Stored records:

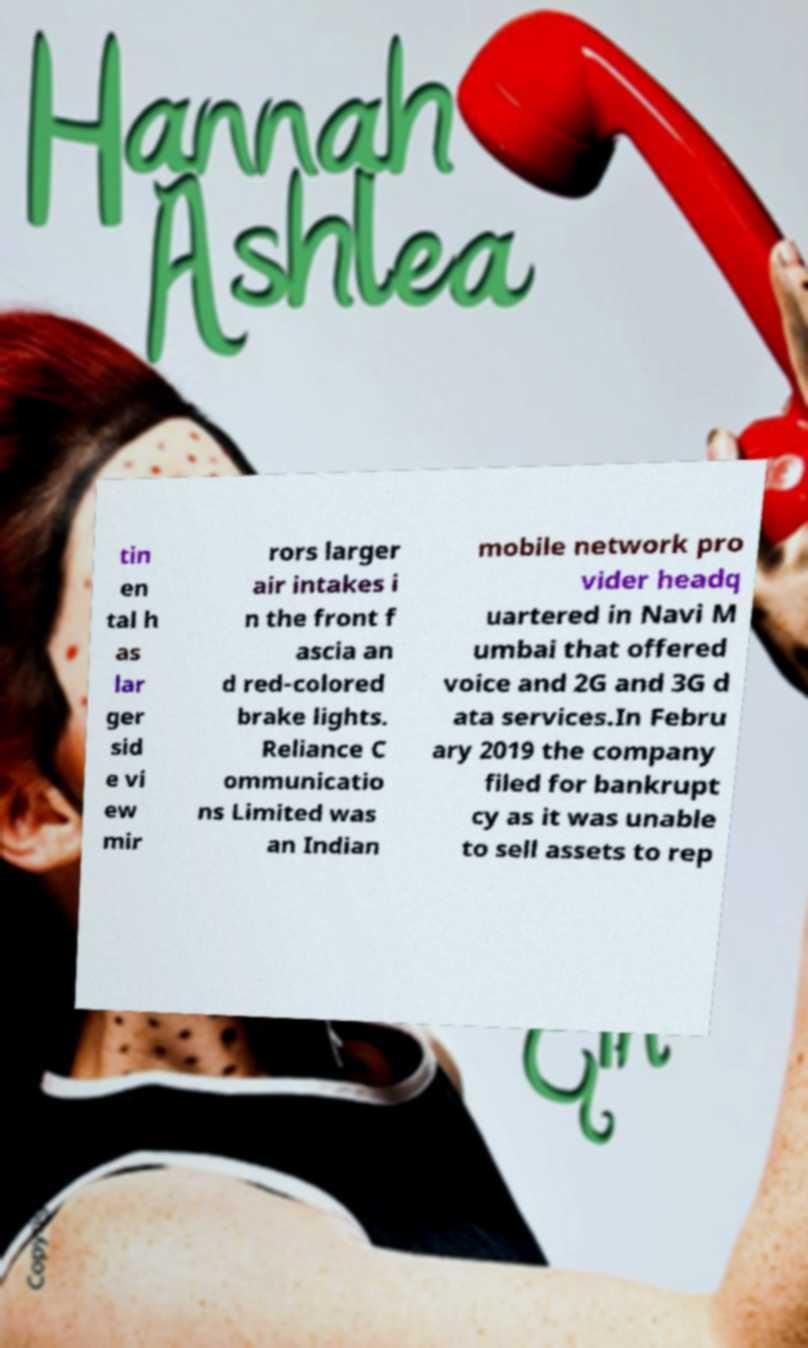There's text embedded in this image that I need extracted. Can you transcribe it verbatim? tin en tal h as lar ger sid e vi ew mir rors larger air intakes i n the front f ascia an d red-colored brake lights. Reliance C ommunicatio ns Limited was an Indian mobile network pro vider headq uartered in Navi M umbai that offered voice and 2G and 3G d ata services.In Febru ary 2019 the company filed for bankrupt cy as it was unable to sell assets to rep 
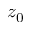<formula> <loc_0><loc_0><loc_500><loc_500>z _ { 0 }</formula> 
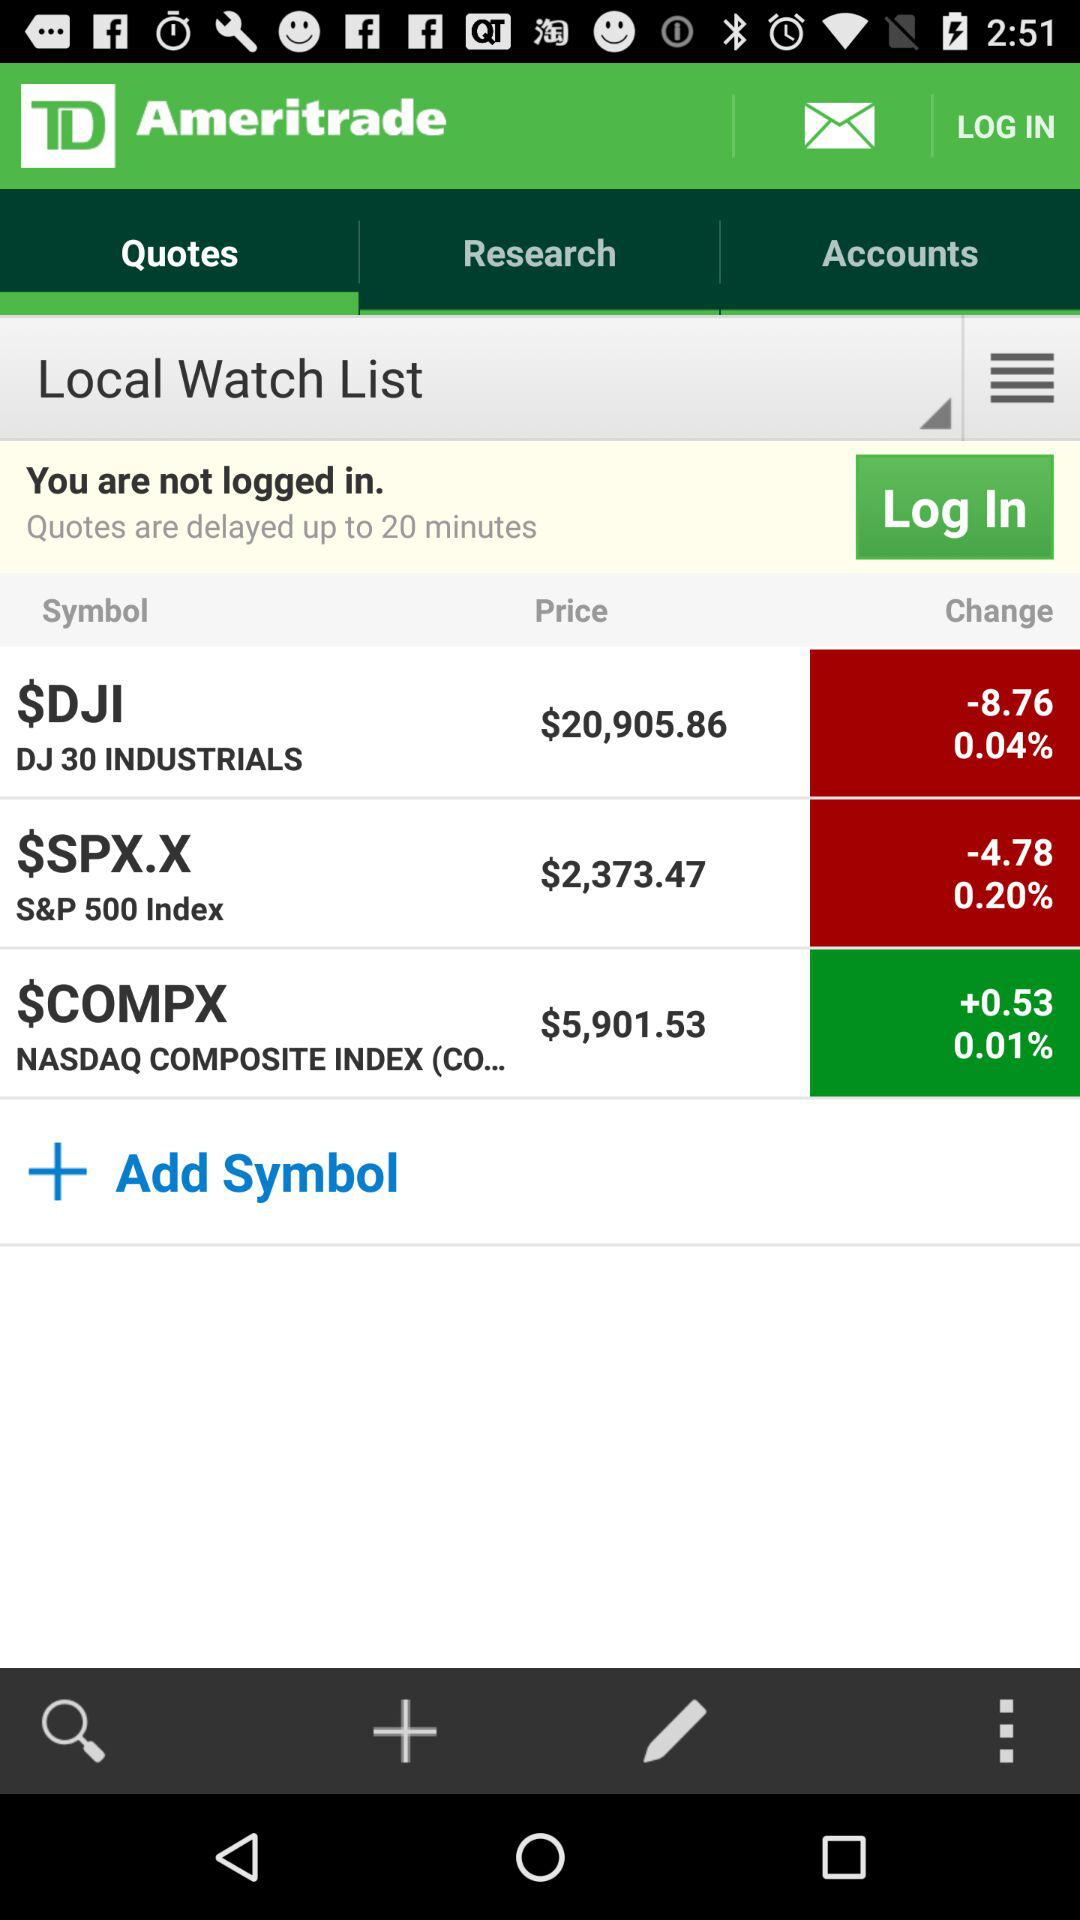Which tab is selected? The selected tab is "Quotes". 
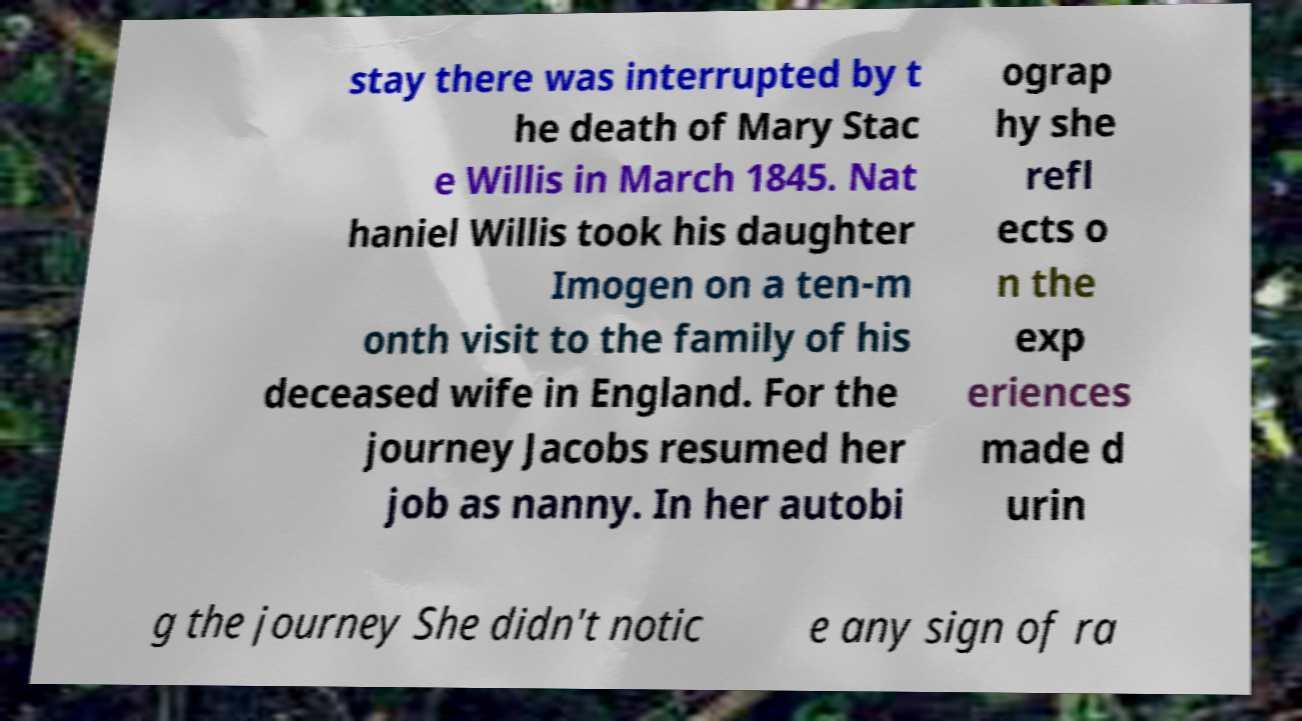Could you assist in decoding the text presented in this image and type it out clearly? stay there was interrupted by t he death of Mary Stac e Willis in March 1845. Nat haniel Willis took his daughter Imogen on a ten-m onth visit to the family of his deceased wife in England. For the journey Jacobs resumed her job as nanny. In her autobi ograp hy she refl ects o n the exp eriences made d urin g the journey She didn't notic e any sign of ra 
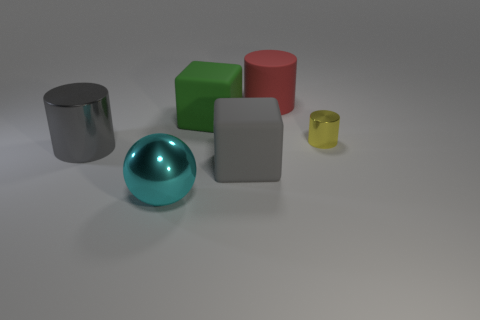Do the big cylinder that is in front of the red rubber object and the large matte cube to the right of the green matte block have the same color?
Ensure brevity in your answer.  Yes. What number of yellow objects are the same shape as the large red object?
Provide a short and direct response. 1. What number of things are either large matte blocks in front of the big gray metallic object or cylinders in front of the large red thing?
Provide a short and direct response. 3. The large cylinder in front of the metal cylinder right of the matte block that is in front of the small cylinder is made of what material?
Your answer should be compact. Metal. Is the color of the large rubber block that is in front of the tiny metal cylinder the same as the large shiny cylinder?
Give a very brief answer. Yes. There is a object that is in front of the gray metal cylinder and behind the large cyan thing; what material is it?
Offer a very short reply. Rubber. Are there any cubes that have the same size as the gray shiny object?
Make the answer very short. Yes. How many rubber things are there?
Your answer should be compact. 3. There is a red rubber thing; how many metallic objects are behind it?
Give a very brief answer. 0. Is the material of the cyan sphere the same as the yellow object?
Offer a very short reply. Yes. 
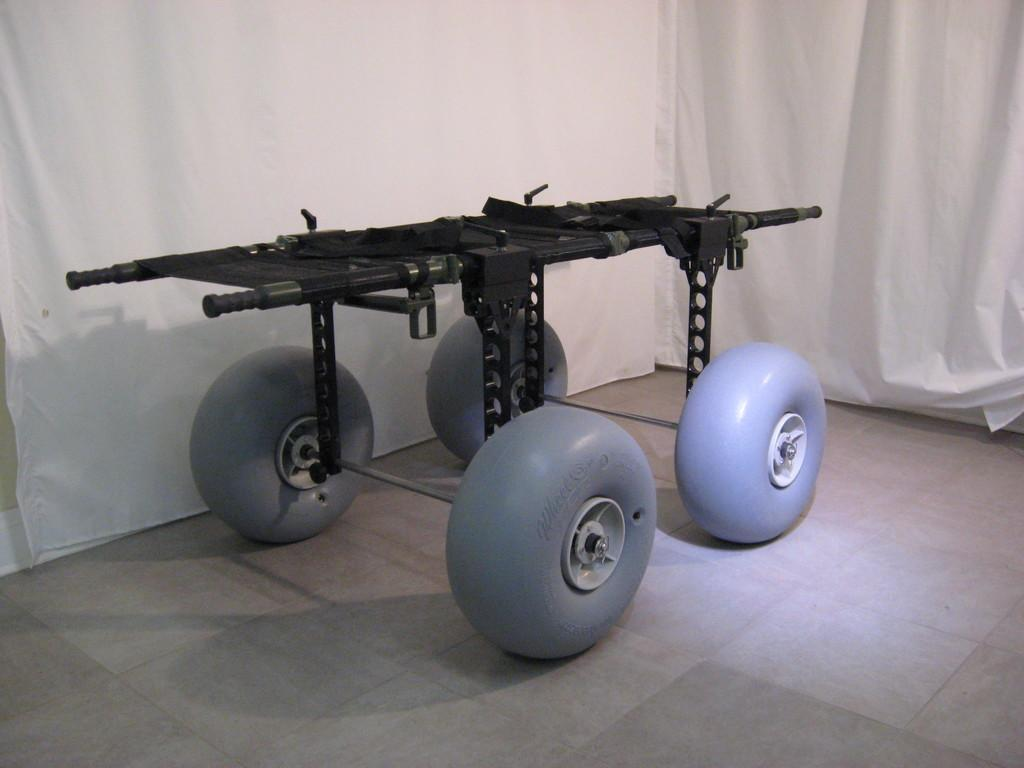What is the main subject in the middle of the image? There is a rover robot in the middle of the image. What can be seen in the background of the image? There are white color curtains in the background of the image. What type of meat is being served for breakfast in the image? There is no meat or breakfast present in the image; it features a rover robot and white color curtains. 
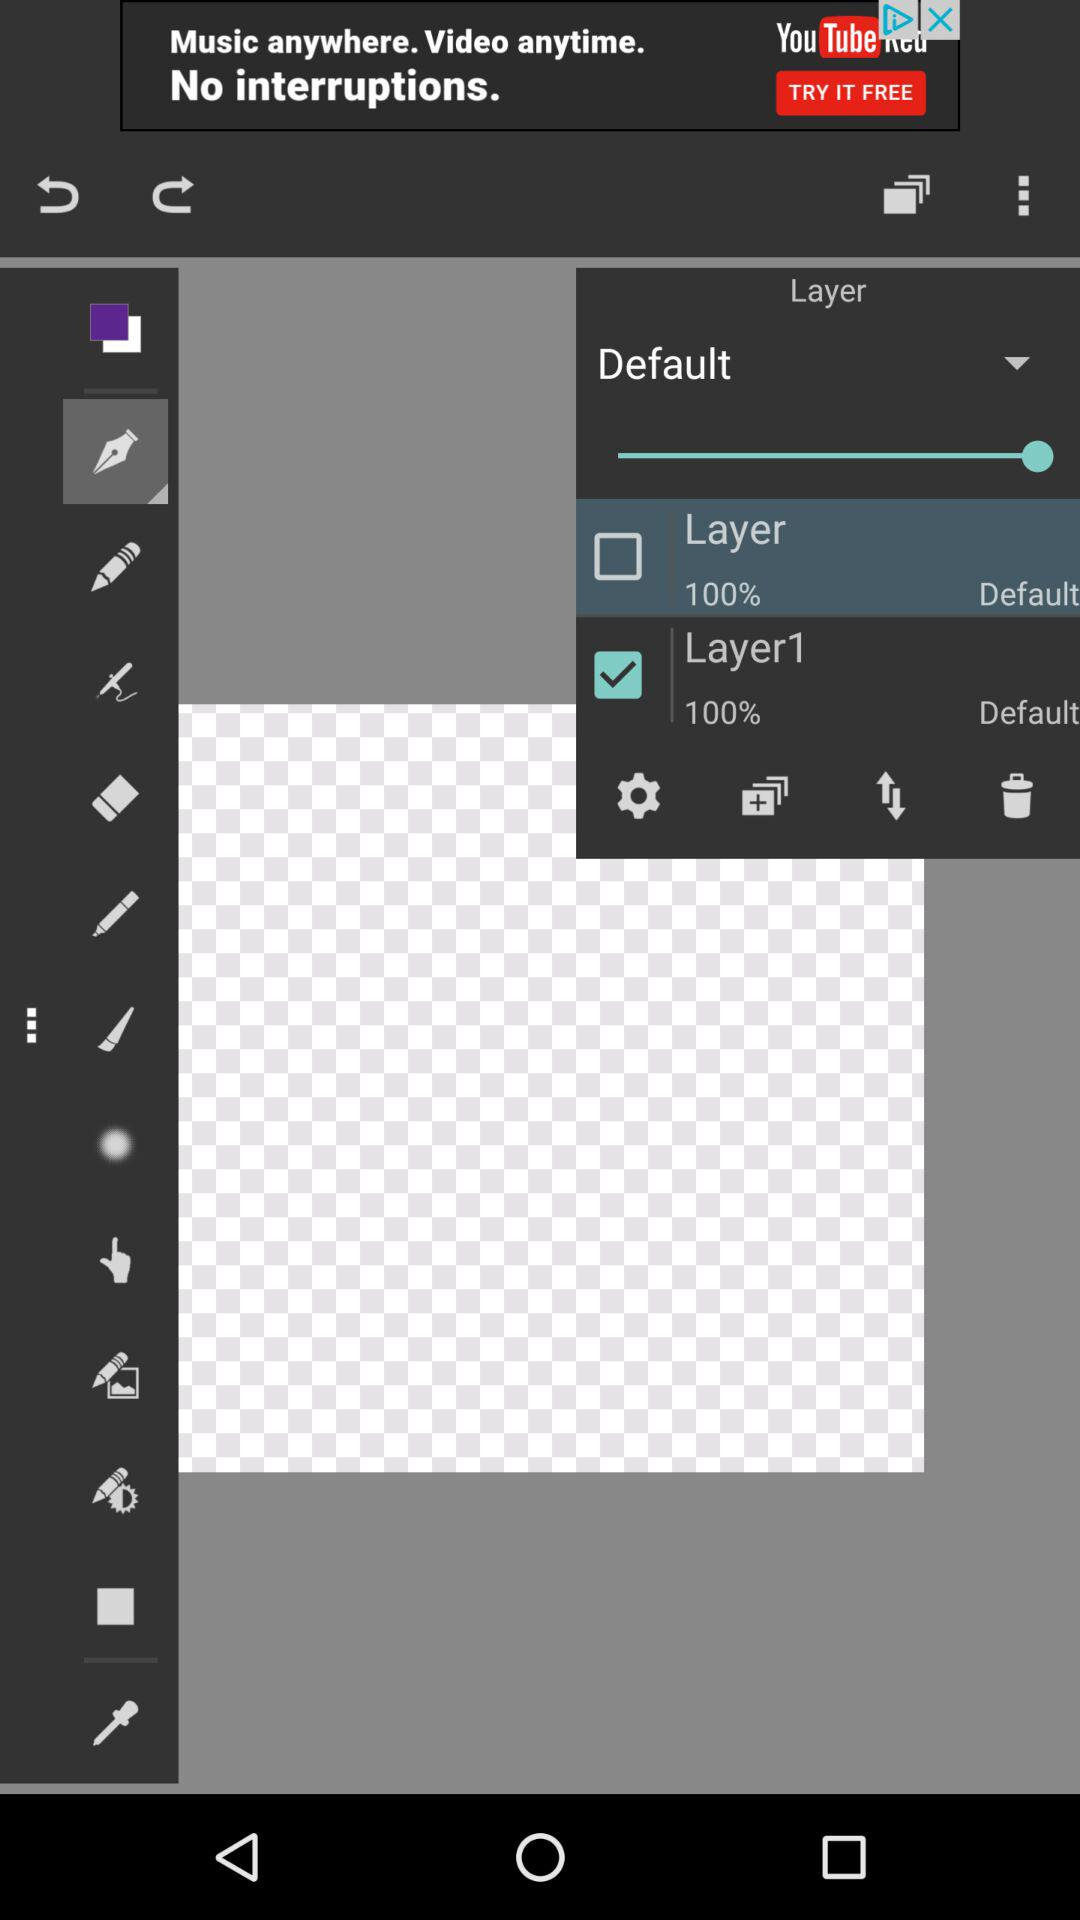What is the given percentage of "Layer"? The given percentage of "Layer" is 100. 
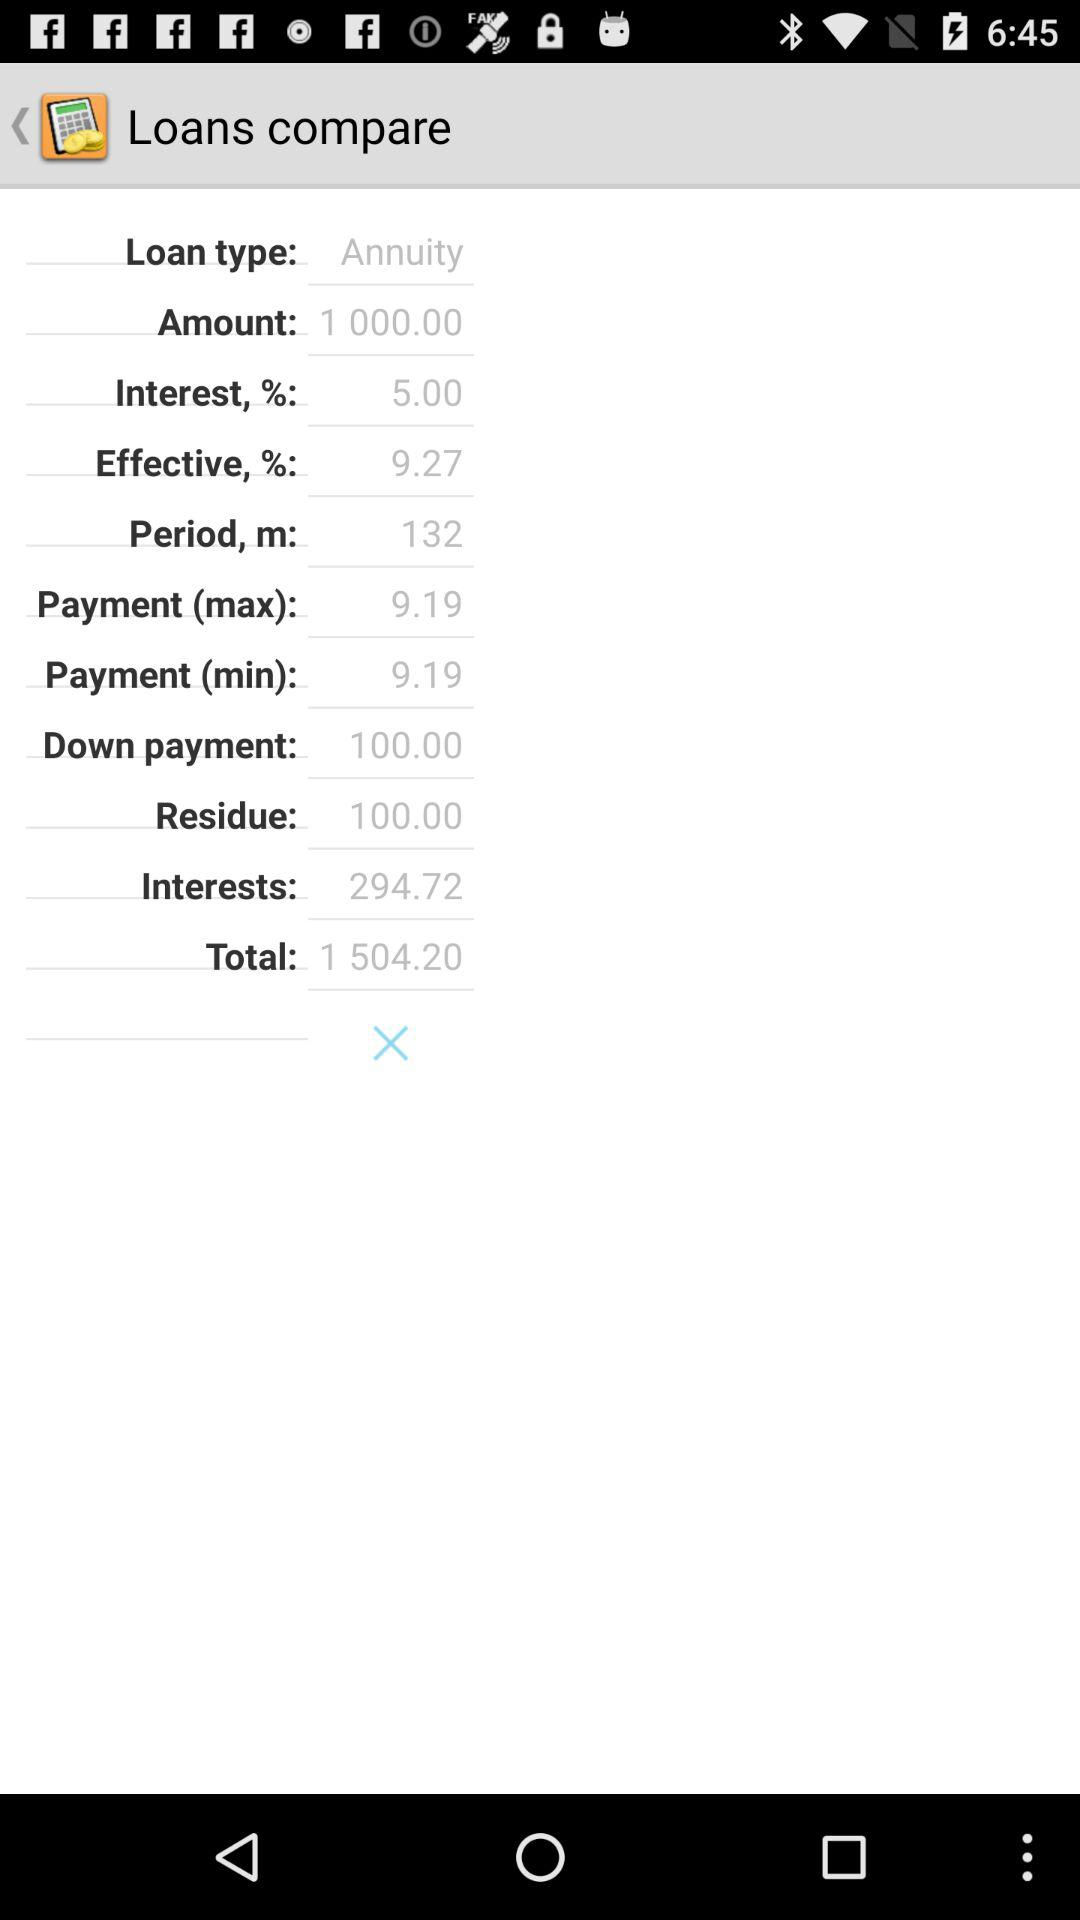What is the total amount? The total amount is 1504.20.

**WORK INSTRUCTION:**
Every line above in which the word "Provide" occurs needs to be copied.

**ANSWER SECTION:**
Provide a short and direct response. 1. What number of things are either large matte blocks in front of the big gray metallic object or cylinders in front of the large red thing?
Provide a short and direct response. 3. The large cylinder in front of the metal cylinder right of the matte block that is in front of the small cylinder is made of what material?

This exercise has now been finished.